Testing our Solar Panels
 
1 Attachment(s)
We had a few suppliers come in and pitch their solar panels. I don't always trust reps who may have handicapped their competitors stuff, so we did our own.

Parameters:
We set up our 100w Go Power flex panel and a potential replacement.
We hooked them both up to their own AGM battery and their own Victron MPPT solar controller (so that we could track history).
Since the contender also claimed that their panel was wired in such a way so that it did not lose as much when shaded, we laid a 1x4 diagonally across each panel to see what that did.

Results are attached. Our current panel held its own, and while not a huge difference, it made the decision to stay with our current panel pretty easy.

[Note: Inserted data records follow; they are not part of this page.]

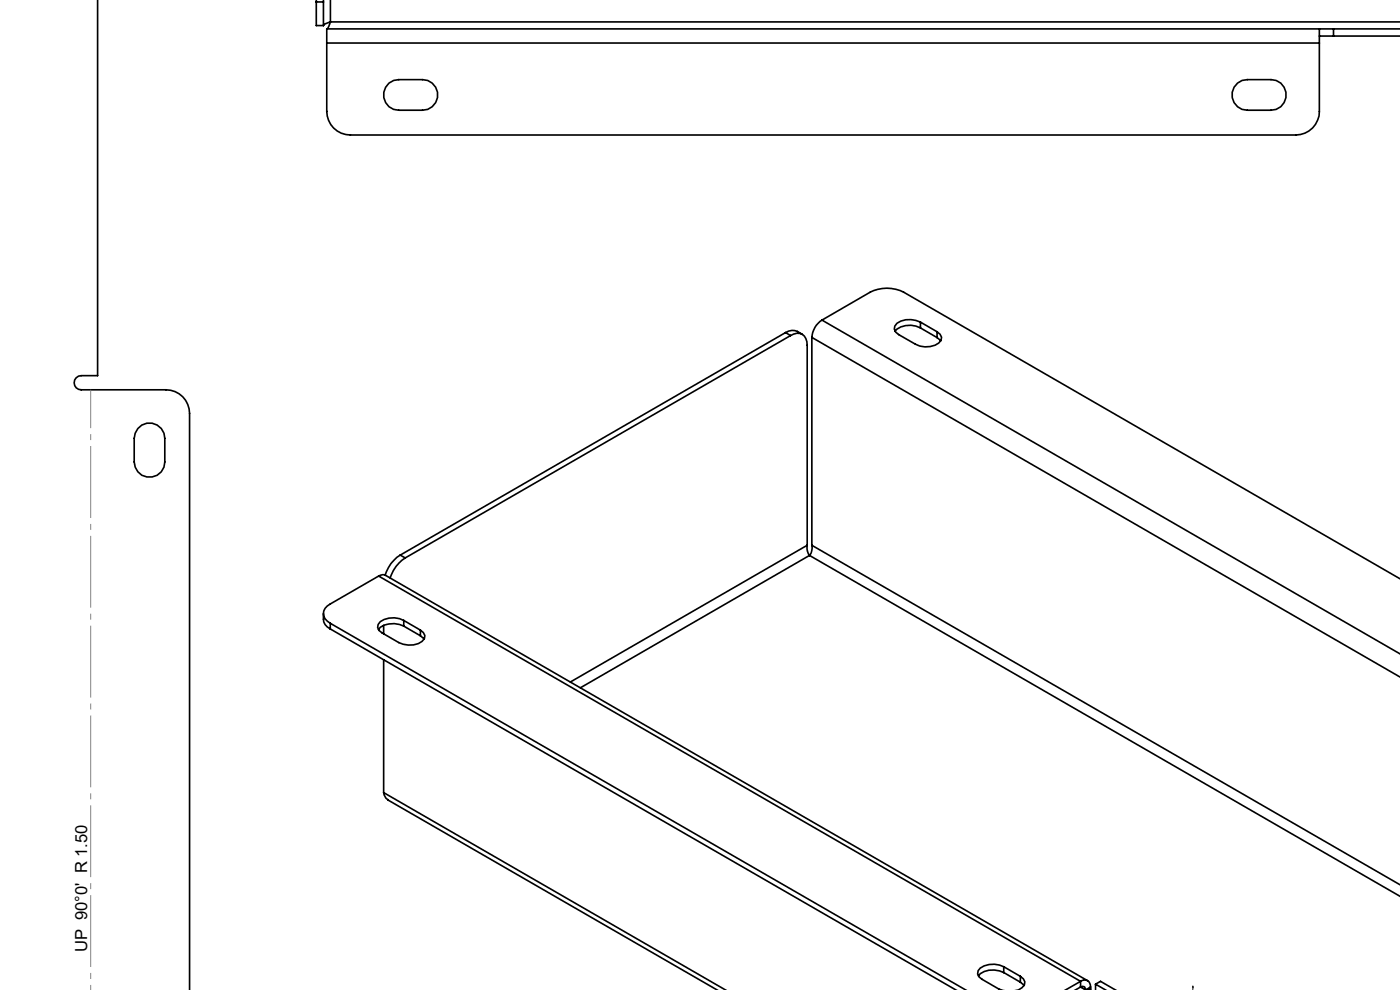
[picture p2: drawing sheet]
<svg xmlns="http://www.w3.org/2000/svg" width="297mm" height="210mm" viewBox="0 0 297 210" stroke-linecap="round" stroke-linejoin="round" font-family="sans-serif">
<defs><g id="words">
<text font-size="3.5" x="18.5" y="202" transform="rotate(-90 18.5 202)">UP 90°0' R 1.50</text>
</g></defs>
<g fill="none" stroke="#000" stroke-width=".35">
<path d="M20.7 -.1v79.8h-3.5a1.5 1.5 0 0 0-1.5 1.5 1.5 1.5 0 0 0 1.5 1.5h18a5 5 0 0 1 5 5v122.4M67.1 0v.4M68.6 0v.4M70.1 0v4.6M67.1 .4v5h1.5M67.1 .4h1.5M68.6 .4v5M69.3 9.1v14.5a5 5 0 0 0 5 5h200.6a5 5 0 0 0 5-5v-14.5M69.3 6.1v3M69.3 9.1h210.6M69.3 6.1h210.6M70.1 4.6l-.2 .5a1.12 1.12 0 0 1-.6 1"/>
<path d="M70.1 4.6l-1.1 .5-.4 .3M70.1 4.6h227M82.5 17.6l1-.5 1.1-.2h5a3.2 3.2 0 0 1 3.3 3.2 3.2 3.2 0 0 1-3.3 3.3h-5a3.3 3.3 0 0 1-3-2.2 3.3 3.3 0 0 1 .9-3.6zM262.5 17.6l1-.5 1.1-.2h5a3.2 3.2 0 0 1 3.3 3.2 3.2 3.2 0 0 1-3.3 3.3h-5a3.2 3.2 0 0 1-3-2.2 3.2 3.2 0 0 1 .9-3.6zM279.9 6.1v3M279.9 7.6h3M279.9 6.1h3M282.9 7.6h14.2M282.9 6.1h14.2M282.9 6.1v1.5M166.7 70.5a2.8 2.8 0 0 1 3.5 .4M166.7 70.5l1 .7"/>
<path d="M166.7 70.5l-81.8 47.2M167.7 71.2a2.15 2.15 0 0 1 2.5-.3 2.15 2.15 0 0 1 1 2.3v42.5M167.7 71.2l-81.7 47.1M172.2 71.6v44.1M172.2 71.6l124.9 72M174.4 67.9a4.7 4.7 0 0 0-2.2 3.7M174.4 67.9l10.2-5.9a7.8 7.8 0 0 1 7.1 0l105.4 60.8M174.4 67.9l122.7 70.8M195.3 68.3a5.1 5.1 0 0 0-5 .3l-.5 .6-.1 .6 .3 .6 .6 .6 3.6 2a4.3 4.3 0 0 0 5.4-.8l.1-.7-.3-.6-.6-.5M195.3 69.6a4.5 4.5 0 0 0-5.4 .7M195.3 68.3l3.5 2.1M195.3 68.3v1.3"/>
<path d="M195.3 69.6l3.5 2M198.8 71.6l.8 .7M198.8 70.4v1.2M29.2 90.9a3.2 3.2 0 0 1 3.6-1 3.2 3.2 0 0 1 2.2 3.1v5a3.2 3.2 0 0 1-3.3 3.2 3.2 3.2 0 0 1-3.2-3.2v-5l.2-1.1zM84.9 117.7a7.5 7.5 0 0 0-3.2 4.3M84.9 117.7l1.1 .6M86 118.3a7.8 7.8 0 0 0-3.2 4.3M171.2 115.7v.2a2.8 2.8 0 0 0 .5 1.9M171.2 115.7l-50.2 29M171.7 117.8l-48.6 28.1M171.7 117.8l125.4 72.4M172.2 115.7a2.61 2.61 0 0 1-.5 2.1"/>
<path d="M172.2 115.7l124.9 72M68.6 130.2a2.73 2.73 0 0 0 1.5 3.2M70.1 132.2l134.9 77.9M70.1 132.2v1.2M70.1 133.4l132.8 76.7M80.3 122.2l-10.2 5.9a2.17 2.17 0 0 0-1.5 2.1 2.17 2.17 0 0 0 1.5 2M80.3 122.2a1.44 1.44 0 0 1 1.5-.1l148.9 85.9M80.3 122.2l148.9 86M81.4 132.7v1.7M81.4 139.9v28.2M85.7 131.6a4.8 4.8 0 0 0-5 .3l-.5 .6-.1 .6 .3 .6 4.2 2.6a4.3 4.3 0 0 0 5.4-.8l.1-.7-.3-.6-.6-.5M85.7 132.8a5.1 5.1 0 0 0-5 .3l-.4 .5"/>
<path d="M85.7 131.6l3.5 2.1M85.7 131.6v1.2M85.7 132.8l3.5 2.1M89.2 134.9l.8 .7M89.2 133.7v1.2M81.4 168.1l.5 1.2 .4 .3M81.4 168.1l72.6 42M82.3 169.7l69.9 40.4M212.9 205.1a5 5 0 0 0-4.9 .2l-.5 .6-.1 .7 .3 .6 4.2 2.6 .7 .3M212.9 206.3a4.5 4.5 0 0 0-5.3 .7M212.9 205.1l3.6 2M212.9 205.1v1.2"/>
<path d="M212.9 206.3l3.6 2M216.5 207.1l.6 .5 .3 .7a2.05 2.05 0 0 1-1.6 1.8M216.5 208.3l.7 .7M216.5 207.1v1.2M229.2 208.2a1.29 1.29 0 0 1 1.5-.2 1.29 1.29 0 0 1 .7 1.4M229.2 209.4a.65 .65 0 0 1 .8-.1 .65 .65 0 0 1 .3 .7M229.2 209.4l1.1 .6M229.2 208.2l-3.2 1.9M229.2 208.2v1.2M229.2 209.4l-1.2 .7M230.3 210v.1M231.4 209.4l-1.1 .6"/>
<path d="M231.4 209.8l-.5 .3M231.4 209.8v.3M231.4 209.4v.4M232.4 208.8v1.3M232.4 208.8l2.2 1.3M232.4 208.8l1.1-.6 3.2 1.9"/>
</g>
<path d="M253 209.1l.1 .4-.1-.1zM253 209.1v1" fill="none" stroke="#00f" stroke-width=".21"/>
<path d="M19.2 82.7v127.4" fill="none" stroke="#808080" stroke-width=".21" stroke-dasharray="15.2 1.3 1.3 1.3" stroke-dashoffset="7.1" stroke-linecap="butt"/>
<path d="M250.6 -.1h.4zM247 -.1h.2zM255.5 210.1h.3zM253 209.1l.1 .4-.1-.1z" fill="#00f"/>
<use href="#words"/>
</svg>

SeaDog 10-14-2020 10:27 AM

This is the kind of stuff the solar techs live for nice comparison You have the go power what was the other panel?

bclemens 10-14-2020 10:29 AM

That was a Merlin panel. I think a long term, one year test would be the most thorough....but this at least dispelled any early claims.

FOURWHL 10-14-2020 11:22 AM

The comparison panel was flexible as well?

KRedburn 10-14-2020 12:25 PM

Quote:

Originally Posted by FOURWHL (Post 2433238)
The comparison panel was flexible as well?

good question.

If a mounted panel not flex, I know of 380 watt single panels. that would be a game changer.

bclemens 10-14-2020 01:24 PM

Quote:

Originally Posted by FOURWHL (Post 2433238)
The comparison panel was flexible as well?

yes

Worm43 10-14-2020 03:56 PM

On my 2017 Go Power Flexible panel. I get tops 7 amps out of one flex panel and the other is shot. I would say durability is an issue. I would go with two hard panels.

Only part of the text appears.